■ **Requirement**:
Restate word for word the lines of the records below, starting at the line that contains "14) can of green beans [827, 348, 1003, 527]" and ending at the line that contains "name: x=_ y=_", with both of those lines included and nothing else.

=== Begin Enclosure ===

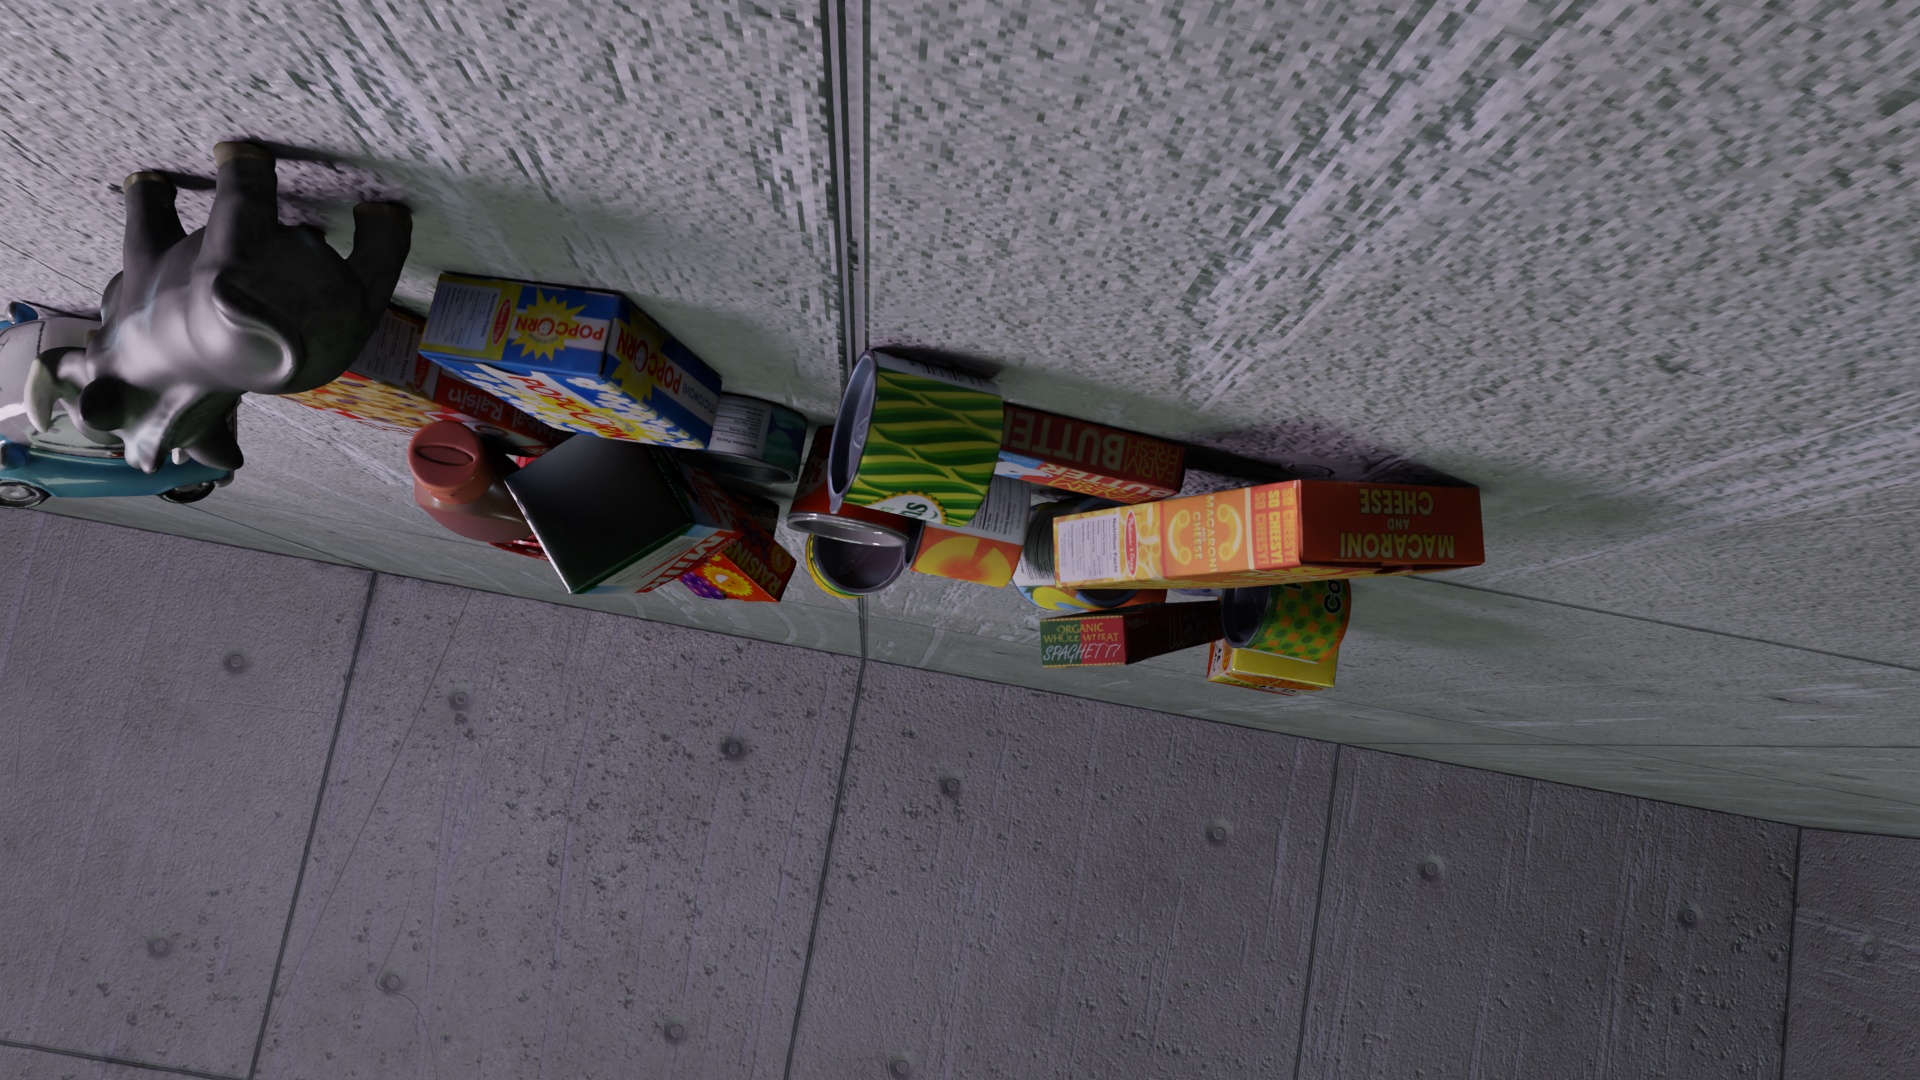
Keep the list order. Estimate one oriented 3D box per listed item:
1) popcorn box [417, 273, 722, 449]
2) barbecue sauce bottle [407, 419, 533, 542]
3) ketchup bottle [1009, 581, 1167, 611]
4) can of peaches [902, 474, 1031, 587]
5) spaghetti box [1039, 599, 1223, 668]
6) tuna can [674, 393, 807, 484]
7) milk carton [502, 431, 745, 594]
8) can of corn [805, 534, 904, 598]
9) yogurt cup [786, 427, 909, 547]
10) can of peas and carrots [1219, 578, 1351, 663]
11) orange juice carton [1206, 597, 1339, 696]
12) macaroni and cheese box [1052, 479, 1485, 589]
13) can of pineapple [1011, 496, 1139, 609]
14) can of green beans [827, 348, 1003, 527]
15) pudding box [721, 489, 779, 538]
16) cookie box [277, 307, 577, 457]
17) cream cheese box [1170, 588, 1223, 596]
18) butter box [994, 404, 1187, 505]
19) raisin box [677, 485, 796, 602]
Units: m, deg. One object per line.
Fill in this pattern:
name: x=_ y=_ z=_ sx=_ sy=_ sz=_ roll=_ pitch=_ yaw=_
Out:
popcorn box: x=-0.171 y=-0.078 z=0.632 sx=0.085 sy=0.038 sz=0.126 roll=9 pitch=172 yaw=12
barbecue sauce bottle: x=-0.266 y=-0.031 z=0.753 sx=0.065 sy=0.044 sz=0.148 roll=10 pitch=170 yaw=-9
ketchup bottle: x=0.074 y=0.023 z=0.986 sx=0.149 sy=0.043 sz=0.064 roll=16 pitch=168 yaw=-33
can of peaches: x=0.003 y=-0.010 z=0.777 sx=0.058 sy=0.071 sz=0.071 roll=11 pitch=171 yaw=-9
spaghetti box: x=0.113 y=0.055 z=0.860 sx=0.050 sy=0.028 sz=0.250 roll=-4 pitch=178 yaw=23
tuna can: x=-0.116 y=-0.053 z=0.743 sx=0.071 sy=0.033 sz=0.071 roll=10 pitch=171 yaw=2
milk carton: x=-0.180 y=-0.017 z=0.789 sx=0.073 sy=0.072 sz=0.190 roll=-31 pitch=177 yaw=1
can of corn: x=-0.076 y=0.005 z=0.974 sx=0.071 sy=0.071 sz=0.058 roll=12 pitch=171 yaw=-11
yogurt cup: x=-0.058 y=-0.029 z=0.761 sx=0.072 sy=0.054 sz=0.072 roll=10 pitch=171 yaw=2
can of peas and carrots: x=0.205 y=0.039 z=0.874 sx=0.059 sy=0.071 sz=0.071 roll=12 pitch=171 yaw=-14
orange juice carton: x=0.230 y=0.074 z=1.039 sx=0.072 sy=0.073 sz=0.192 roll=9 pitch=172 yaw=5
macaroni and cheese box: x=0.144 y=0.001 z=0.671 sx=0.124 sy=0.040 sz=0.166 roll=1 pitch=175 yaw=-34
can of pineapple: x=0.071 y=0.008 z=0.819 sx=0.071 sy=0.071 sz=0.058 roll=15 pitch=169 yaw=-29
can of green beans: x=-0.020 y=-0.043 z=0.593 sx=0.058 sy=0.071 sz=0.071 roll=13 pitch=171 yaw=-17
pudding box: x=-0.184 y=-0.020 z=1.047 sx=0.083 sy=0.030 sz=0.049 roll=3 pitch=170 yaw=38
cookie box: x=-0.295 y=-0.084 z=0.727 sx=0.123 sy=0.040 sz=0.167 roll=5 pitch=170 yaw=31
cream cheese box: x=0.144 y=0.017 z=0.928 sx=0.053 sy=0.024 sz=0.104 roll=0 pitch=167 yaw=42
butter box: x=0.051 y=-0.041 z=0.665 sx=0.103 sy=0.024 sz=0.053 roll=12 pitch=172 yaw=-10
raisin box: x=-0.186 y=-0.005 z=0.979 sx=0.086 sy=0.040 sz=0.123 roll=1 pitch=147 yaw=38

=== End Enclosure ===

■ **Response area**:
14) can of green beans [827, 348, 1003, 527]
15) pudding box [721, 489, 779, 538]
16) cookie box [277, 307, 577, 457]
17) cream cheese box [1170, 588, 1223, 596]
18) butter box [994, 404, 1187, 505]
19) raisin box [677, 485, 796, 602]
Units: m, deg. One object per line.
Fill in this pattern:
name: x=_ y=_ z=_ sx=_ sy=_ sz=_ roll=_ pitch=_ yaw=_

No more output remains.